Influx of students makes rental property hard to find

With the influx of students returning to Troy this week, housing in the city has nearly reached its capacity.

“Right now we are almost 100 percent rented,” said Earl Ellis of Landmark Realty. “We’ve had kind of a low availability for quite some time, but it really has become acute in the last 30 days.”

Danny Lee, who manages seven different properties around Troy, said most of his apartments had long been filled.

“We usually fill everything up in June,” he said. “We’ll start renting out apartments for the next school year in January, February, and by the end of May or beginning of June, we’re full.”

Ellis said finding rental property in Troy at the moment is near impossible.

“Single-family homes are almost nowhere to be found,” he said. “The only rentals I see available now are the more undesirable ones.”

Pike County Board of Realtors President Dianne Galimore, who also is an agent for Real Estate Associates of Alabama, said she knew of no more openings with her company.

“We don’t have any rental property left available,” Galimore said. “We were still having some students call on Monday and Tuesday, but I think some students were able to get into the dorms at the last minute.”

Galimore said she had seen some turnover, but Real Estate Associates had not had a single vacancy this year with the exception of one apartment that is currently being renovated.

Higher enrollment numbers at Troy University also have caused more problems this year, Ellis said. He also said he foresaw more problems in the future.

“I think if the university is going to continue to grow, we don’t have enough housing to take care of all those student needs,” Ellis said.

Lee said that while enrollment has increased, making for a larger number of renters, he felt that renters could work to accommodate the growing need.

“It’s a college town,” he said. “You just have to grow with it.”

On-campus housing at Troy University also is full, according to Dean of Student Services Herb Reeves.

“We’re pretty much in the same boat,” Reeves said. “We had actually gotten to the point of turning folks away. Љ We don’t have a lot of on-campus space left.
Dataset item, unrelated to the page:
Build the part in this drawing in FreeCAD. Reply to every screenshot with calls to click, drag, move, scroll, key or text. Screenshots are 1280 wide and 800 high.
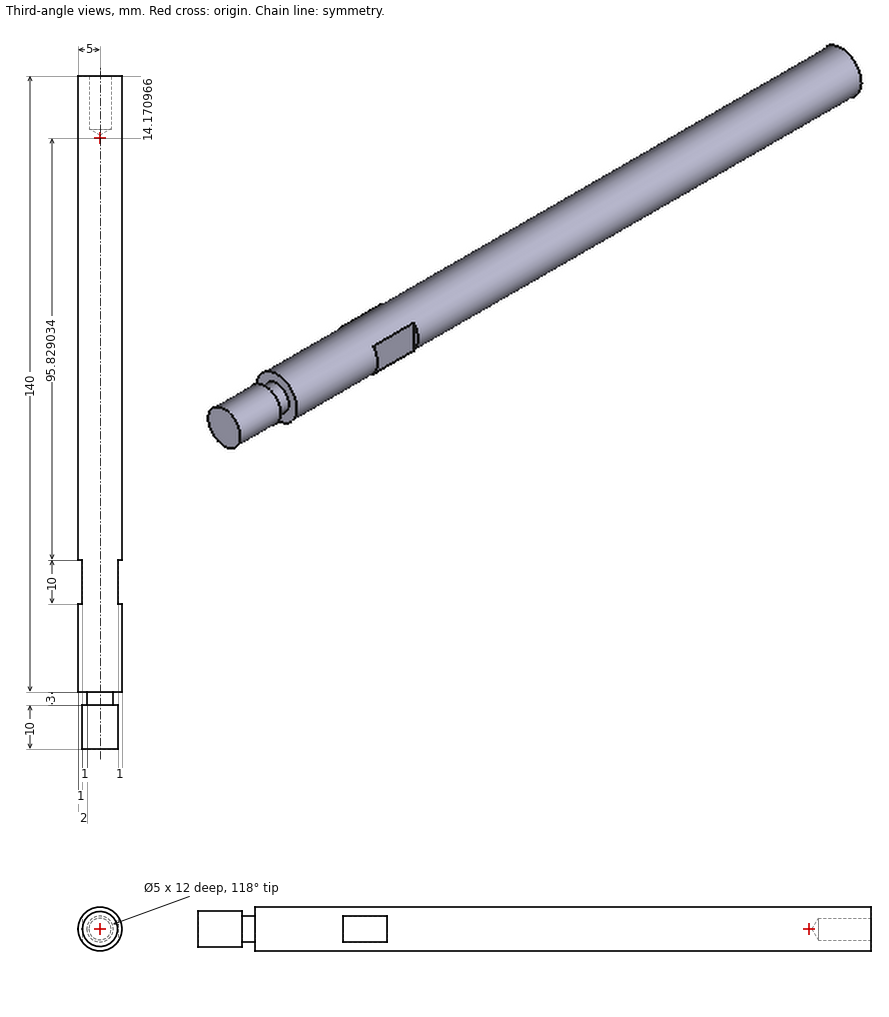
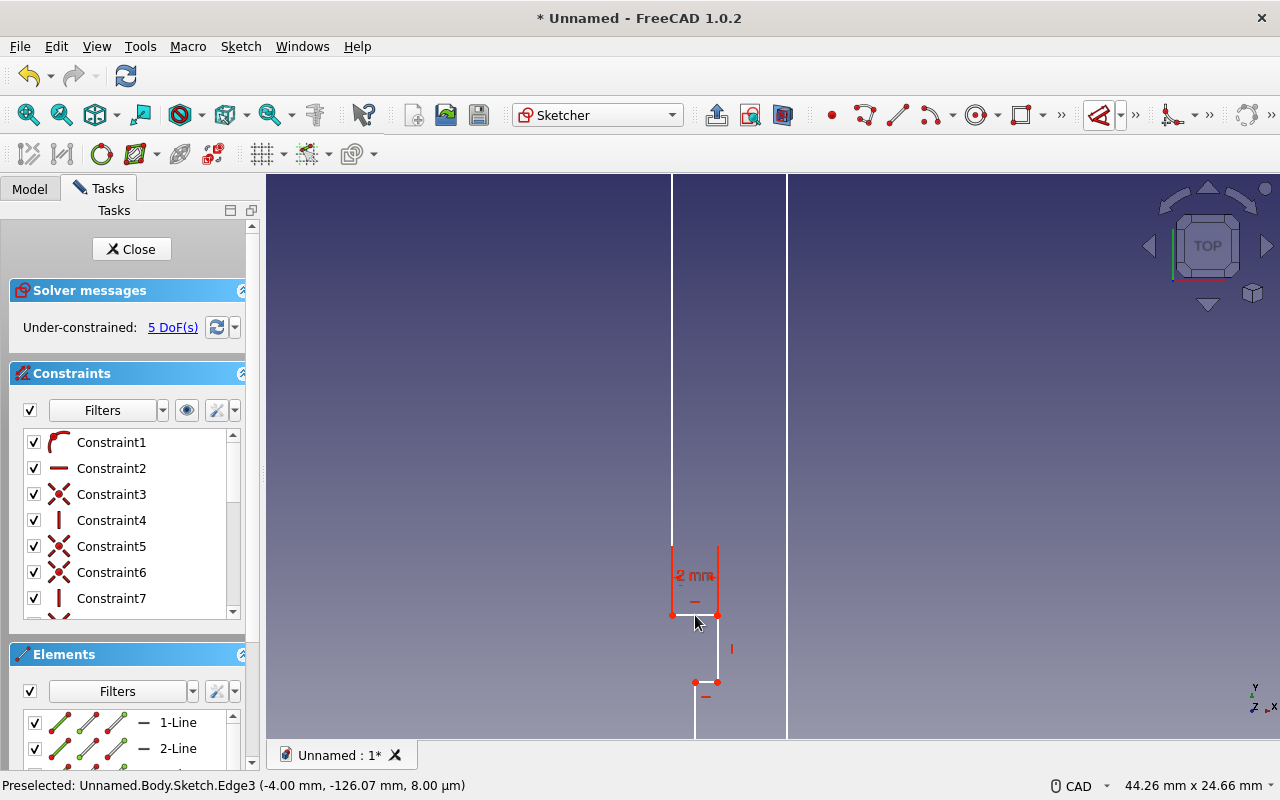
click(718, 635)

We have a few rooms here and there from folks that didn’t show up, but it’s almost completely full.”

Troy University has mandatory on-campus housing for freshman students but has not necessarily been able to accommodate all freshmen wanting to live on campus because of the first-come, first-serve nature of the housing.

“We tried and were pretty successful with accommodating anyone who applied by mid-July,” Reeves said.

The number of students utilizing off-campus housing also has detracted from the number of non-students who have been able to rent housing in the Troy area.

“There are really not any rentals to accommodate families, especially if they don’t want to live around students,” Ellis said. “Apartments for young married couples, single graduates and young professionals are something we don’t really have, and they are greatly needed.”

Lee said that while there are not many properties that strictly cater to young professionals and singles, these individuals could find rental housing if they start looking soon enough.

“For a single person, it’s hard to say,” Lee said. “It depends on where they want to live. There are places for them. They just have to find them and find them early enough.”